Interviú (a Spanish Anglicism for "interview") was a Spanish language weekly news magazine published in Madrid, Spain. It was in circulation between 1976 and 2018.

History and profile
Interviú was established in 1976 by a group led by Antonio Asensio Pizarro and  Josep Llario. It was first published on 22 May 1976. The publisher of the magazine was Grupo Zeta which was also founded by Asensio Pizarro in 1976. The magazine was published weekly on Mondays, and its headquarters was in Madrid.

The magazine was famous for publishing semi-nude and nude photographs of the rich and famous, sometimes using paparazzi photoshoots or posed pictorials (in this last case, normally women).
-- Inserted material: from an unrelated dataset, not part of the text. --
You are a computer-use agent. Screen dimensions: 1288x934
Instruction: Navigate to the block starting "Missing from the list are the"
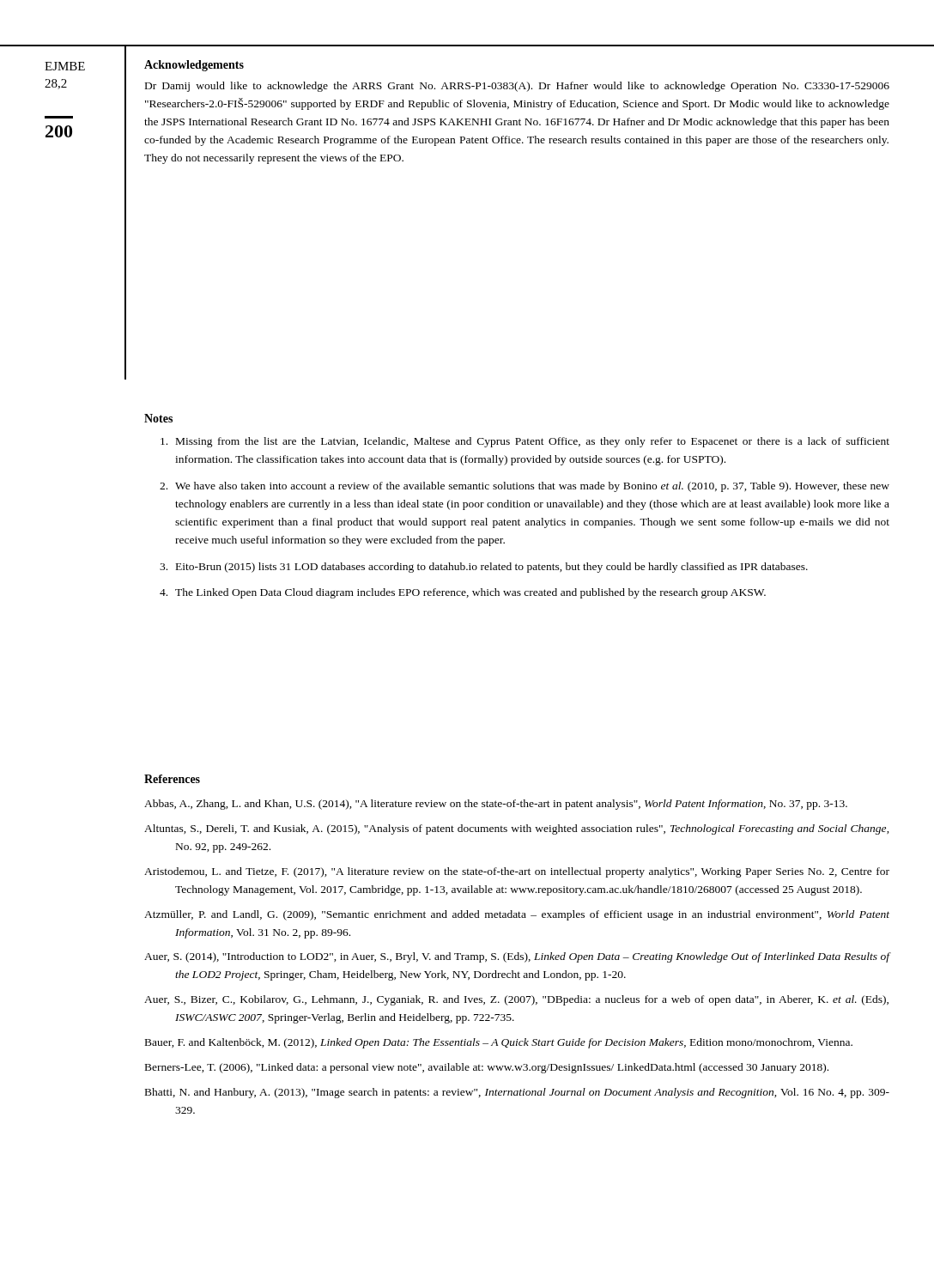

It also published articles on political and economic scandals, and featured opinion pieces by famous writers.

Its last issue was on 8 January 2018. Grupo Zeta explained this was due to financial reasons and changes in the way the public consumes news.

Circulation
The circulation of Interviú was about 1 million copies both in 1977 and in 1978. It rose to three million copies in 1979. The magazine had a circulation of 122,644 copies in 2003.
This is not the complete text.